И однако же все сходятся на том, что в поэтике Достоевского единственный вызывающий симпатию способ обогащения — игра. Она наименьшее из зол, поскольку в меньшей степени способствует деградации, в отличие от накопительства или преступной наживы. Но тут мнения исследователей расходятся: Катто относит выигрыши наравне с полученным наследством (еще один повторяющийся мотив Достоевского, и, как правило, речь идет о баснословных суммах) — к категории денег, свалившихся с небес. Однако Олливье обращает внимание на сложную систему, разработанную героем романа «Игрок». Игра — это не просто воля случая. Это стратегия.

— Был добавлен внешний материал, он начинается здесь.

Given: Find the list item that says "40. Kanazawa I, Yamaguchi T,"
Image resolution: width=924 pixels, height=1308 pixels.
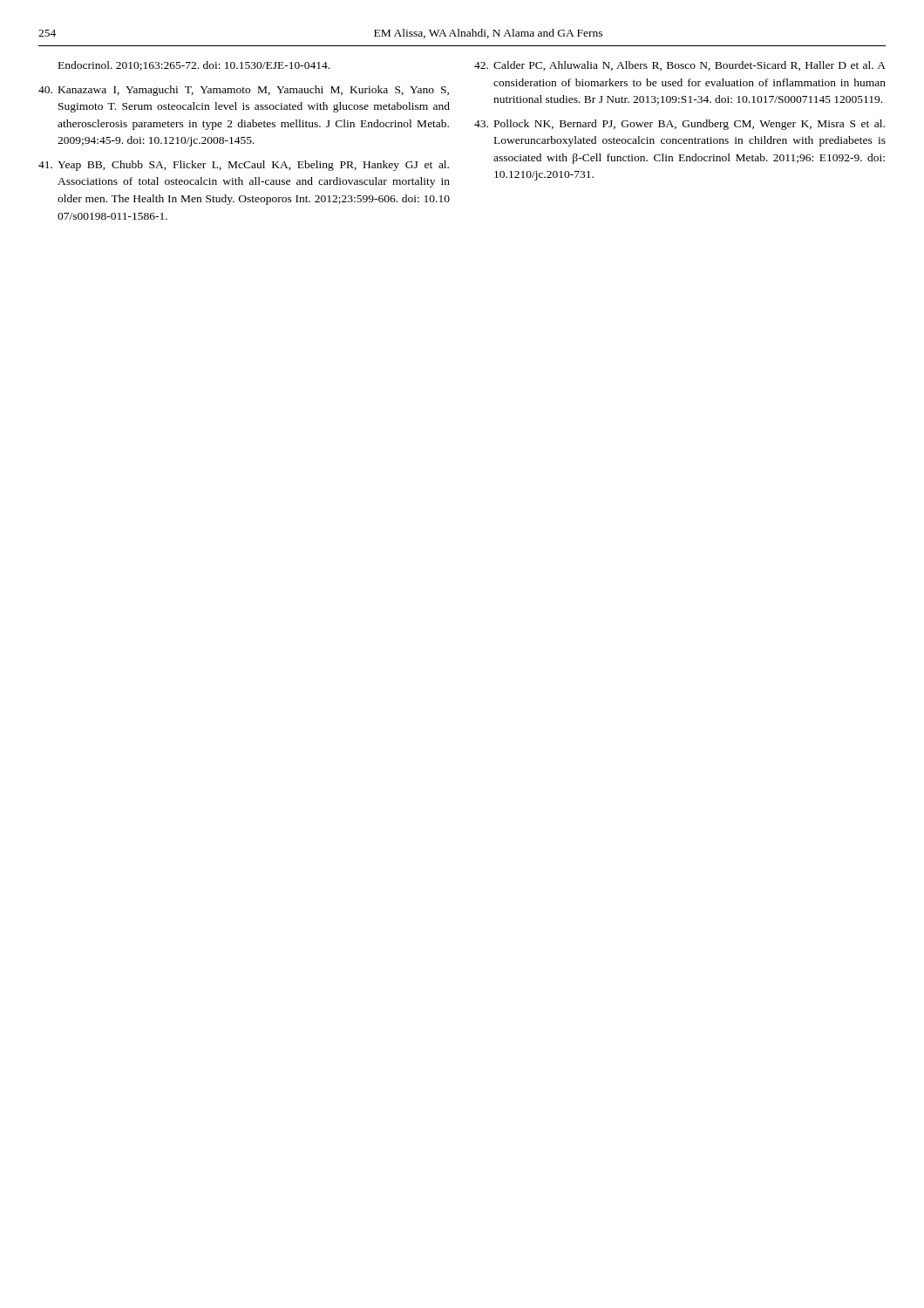Looking at the screenshot, I should (244, 115).

Катто считает Достоевского наивным в экономическом плане[410], в качестве доказательства приводя в пример утопические картины общества без денег, которые рисуются в «Сне смешного человека» или в «золотом веке» Версилова. Олливье же рассматривает Достоевского как пусть и бывшего, но социалиста и, несмотря на консерватизм его последних лет, убежденного антикапиталиста. В своей статье она указывает на то, что по одним текстам Достоевского, даже не прибегая к документальным источникам, можно проследить современное ему развитие капитализма в России, признаки медленного наступления которого становятся важными мотивами в его текстах: появление железных дорог, отмена крепостного права. Кроме того, материальный мир его произведений осязаем: мы знаем, кто сколько получает и что сколько стоит. Уже начиная с «Зимних заметок о летних впечатлениях» Достоевский развивает антикапиталистическую тему, вокруг которой впоследствии строятся большие романы: критика капиталистического общества Англии, анализ социально-экономической ситуации во Франции, ужас перед французским буржуа и его мечтой сколотить состояние, будучи честным человеком[411]

. Добавим, что в «Дневнике писателя» Достоевский, безусловно, развивает социальную, политическую и экономическую рефлексию. И разумеется, не будем забывать о предпринимательской деятельности Достоевского, управлявшего журналами «Время» и «Эпоха». Все это свидетельствует во всяком случае о развитом экономическом мышлении.

Тема денег связана у Достоевского и с мессианским пафосом внутри дискурса «Россия и Запад»: вслед за французским буржуа вспомним тут и «немецкий способ» обогащения — систематическое накопление, отвращение и презрение к которому часто высказывает Достоевский. Аддад отмечает, что эта позиция сопровождается и антисемитизмом: хоть и далеко не все ростовщики у Достоевского обязательно евреи, так или иначе происходит перенос этого термина на всех, в ком писатель видит экономическую угрозу России[412]. Олливье, рассуждающая об апокалиптическом видении капиталистических процессов, также отмечает, что Достоевский возлагает особую миссию по спасению мира с помощью русского духа, чья особенность раскрывается в том числе в связи с рулеткой, в самом принципе которой Достоевскому видится нечто родственное, свойственное русскому человеку, антикапиталисту по природе

[413].

Безусловно, во вселенной Достоевского важно эротическое измерение денег. Речь идет не только о том, с каким сладострастьем герои проматывают крупные суммы. Сами деньги эротизированы до той степени, когда они перестают быть равными себе. Аддад ставит в центр своего рассуждения образ пропавшей, исчезнувшей, недостающей пачки денег, вожделенной, желанной, приковывающей взгляды. Она сравнивает две таких пачки. Первая — это те сто тысяч, которые в ходе торговли Настасьей Филипповной она сама же бросает в камин. Пачка обернута в «Биржевые ведомости», и речь о ней идет не как о деньгах, скорее даже как о чем угодно, кроме денег. Окружающие смотрят на несгораемую, невредимую, неопалимую пачку в огне со священным ужасом и благоговением. Ганя, бледный, не сводит с нее глаз. Когда пламя касается пачки, все в ужасе кричат: «Горит! горит!» словно речь идет о человеческой жертве. При этом деньги максимально отчуждены, и доказательство тому — тот факт, что Достоевский больше эти сто тысяч не вспоминает[414]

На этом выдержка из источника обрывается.